-- Listed records follows --
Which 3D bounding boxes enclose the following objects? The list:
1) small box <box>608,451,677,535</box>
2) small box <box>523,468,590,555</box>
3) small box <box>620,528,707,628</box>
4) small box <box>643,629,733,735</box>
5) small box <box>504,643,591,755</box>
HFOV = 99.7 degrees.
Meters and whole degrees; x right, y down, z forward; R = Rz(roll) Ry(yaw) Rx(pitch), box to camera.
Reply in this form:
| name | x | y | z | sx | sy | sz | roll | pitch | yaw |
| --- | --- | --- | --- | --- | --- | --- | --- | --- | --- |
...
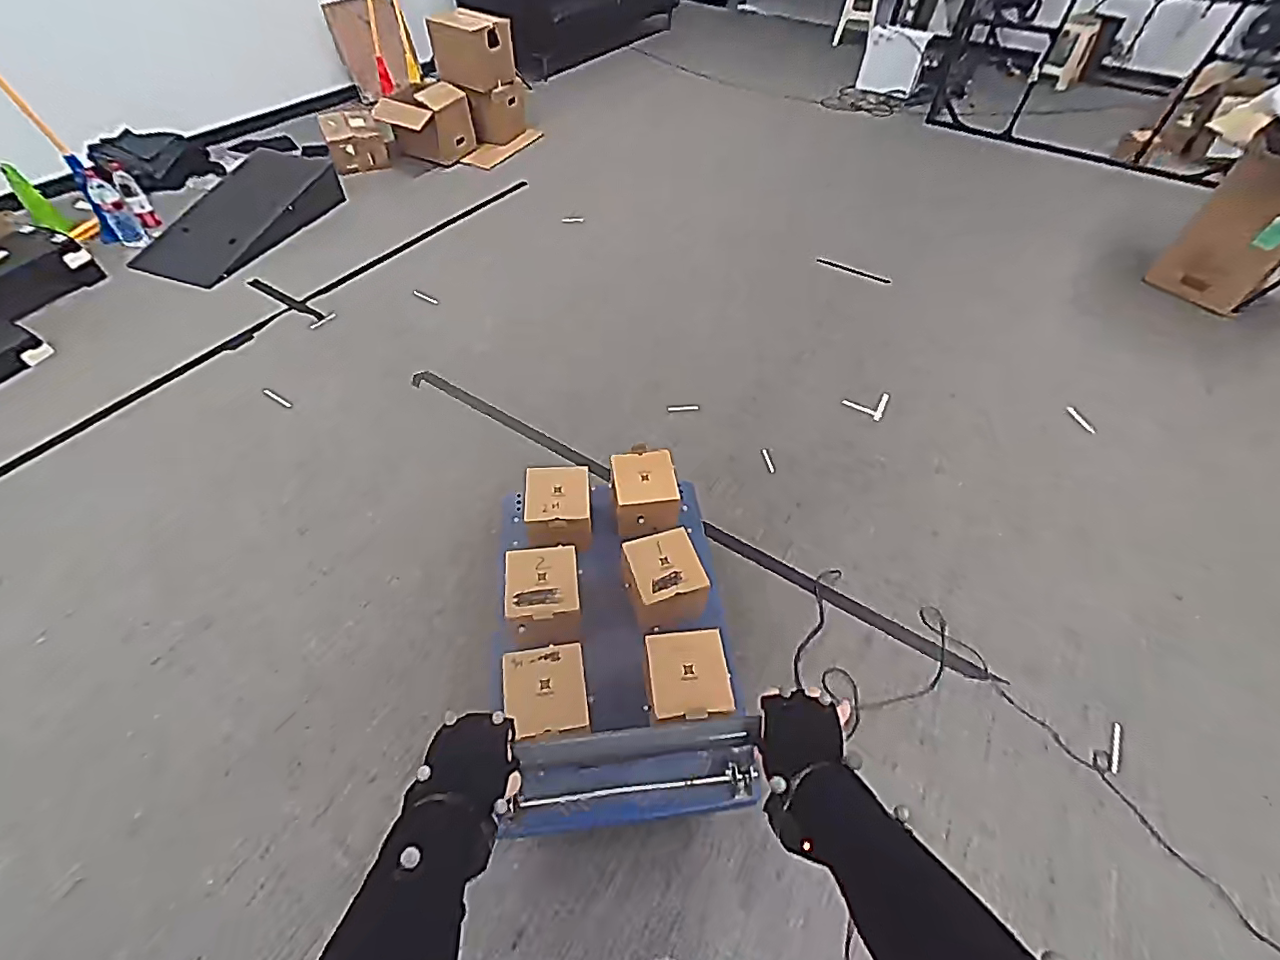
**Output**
| name | x | y | z | sx | sy | sz | roll | pitch | yaw |
| --- | --- | --- | --- | --- | --- | --- | --- | --- | --- |
| small box | 0.003 | 0.043 | 1.523 | 0.168 | 0.176 | 0.179 | -6 | 52 | -8 |
| small box | -0.222 | 0.086 | 1.472 | 0.168 | 0.176 | 0.179 | -3 | 52 | -5 |
| small box | 0.053 | 0.252 | 1.355 | 0.168 | 0.176 | 0.179 | -14 | 52 | -14 |
| small box | 0.098 | 0.451 | 1.197 | 0.168 | 0.176 | 0.179 | -3 | 50 | -6 |
| small box | -0.197 | 0.475 | 1.159 | 0.168 | 0.176 | 0.179 | -6 | 52 | -9 |
-- Listed records concluded --
Work instruction:
If a line in the data above holds the string "degrees", report that line.

Answer section:
HFOV = 99.7 degrees.
Meters and whole degrees; x right, y down, z forward; R = Rz(roll) Ry(yaw) Rx(pitch), box to camera.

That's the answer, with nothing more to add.